With dynamic currency conversion, merchants may present transactions in cardholders’ native currencies once their cards are inserted in point-of-sale terminals. Cardholders pay a fee when converting transactions to their local currencies.

Dynamic currency conversion has been available for a few years, but Visa in April halted additional merchant participation because of a lack of a “consistent global practice” and a “growing number of consumer complaints.”

MasterCard Worldwide did not impose similar restrictions, according to Planet Payment Inc., a Long Beach, N.Y.-based multicurrency processing company.

Other companies offering the service include UK-based Travelex, Atlanta-based First Data Corp. and Elavon Inc., and Ireland-based Fintrax Group.

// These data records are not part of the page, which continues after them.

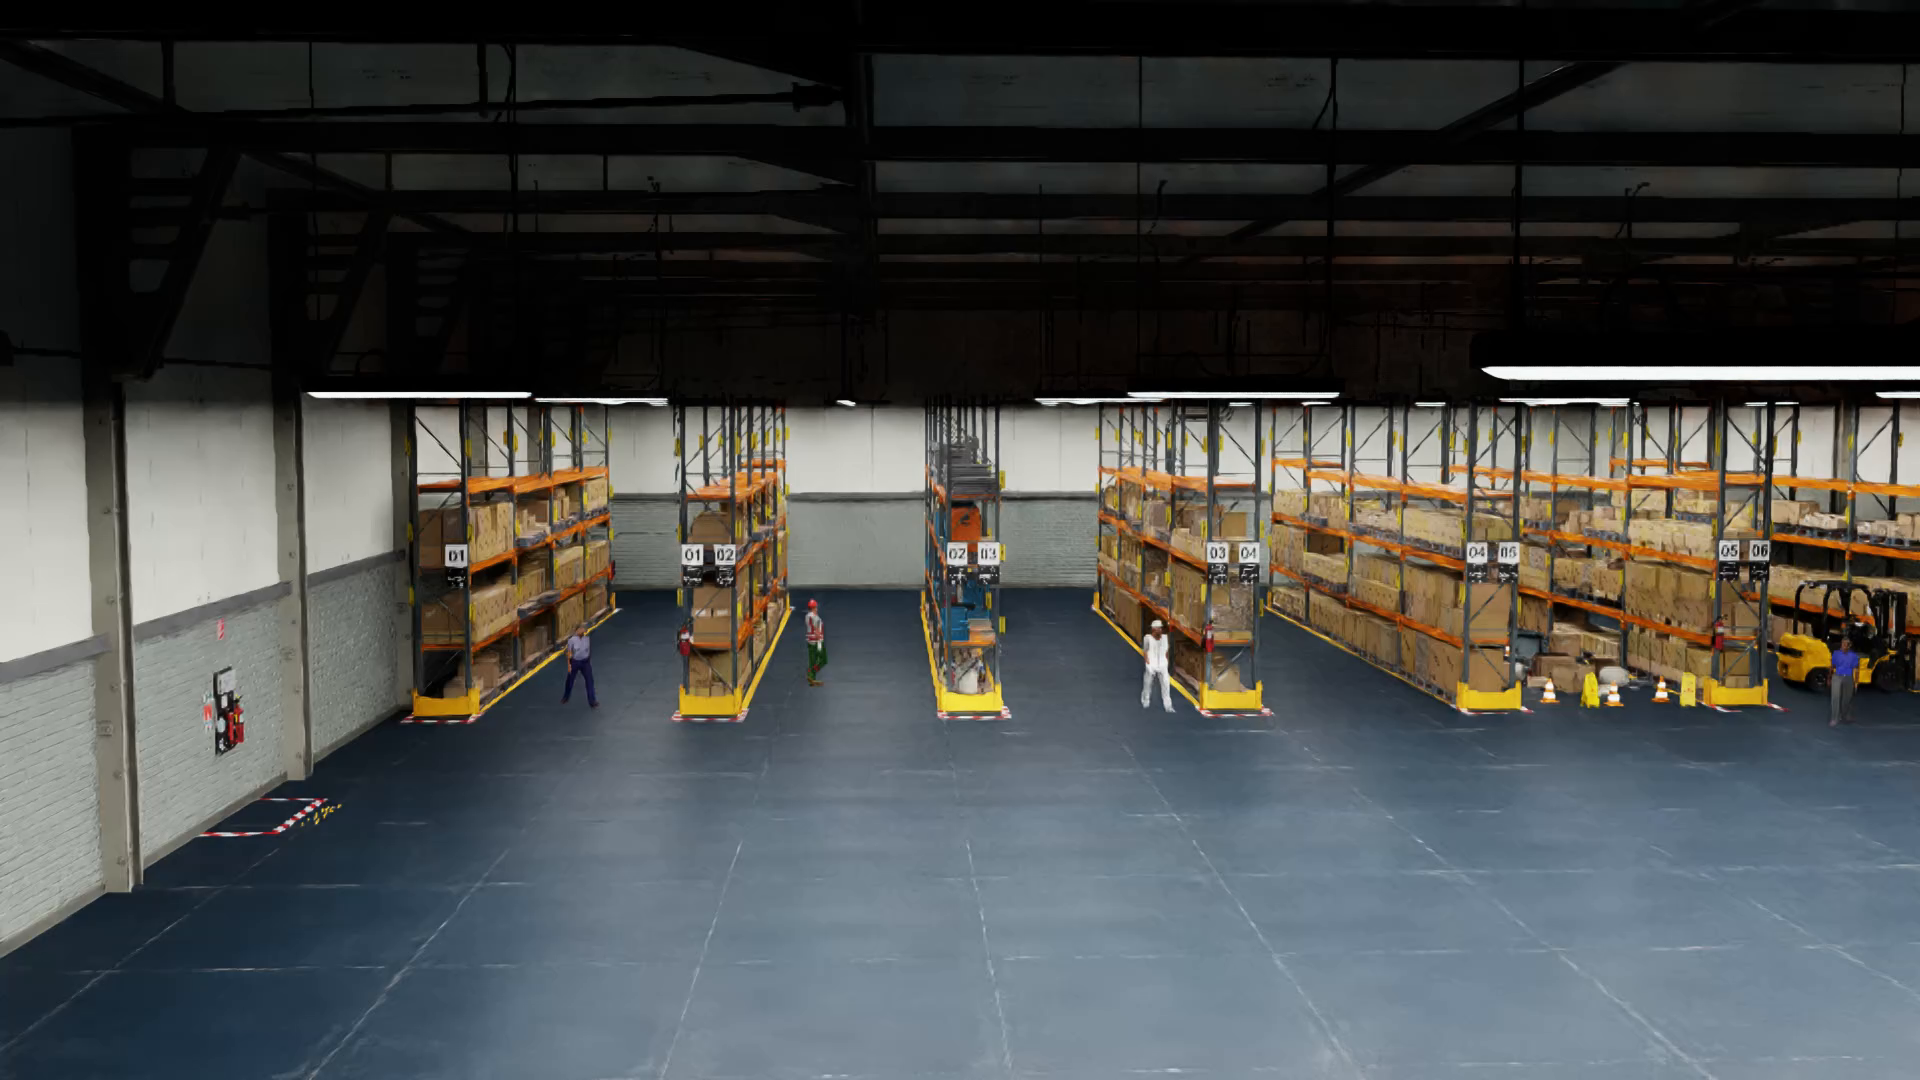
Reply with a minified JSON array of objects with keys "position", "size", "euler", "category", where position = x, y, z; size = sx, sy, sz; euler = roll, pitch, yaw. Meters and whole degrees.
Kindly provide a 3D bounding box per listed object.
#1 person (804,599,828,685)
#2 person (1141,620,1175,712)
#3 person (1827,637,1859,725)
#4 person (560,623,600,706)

The complaints Visa received centered on enabling cardholder choice. “Based on Visa research, cardholders are often not allowed to choose whether or not to use merchants’ dynamic currency conversion services, nor are they informed of fees or commissions associated with these services,” a Visa spokesperson tells ISO&Agent Weekly.

In lifting the moratorium last week, Visa now requires merchants to disclose dynamic currency conversion rates and commissions and to offer cardholders a choice to use the service. “Although point-of-sale currency conversion is not a Visa service, Visa has established a global compliance program to ensure consumers are given proper choice and disclosure,” the spokesperson says.

The compliance program includes a registration and certification process, Planet Payment says.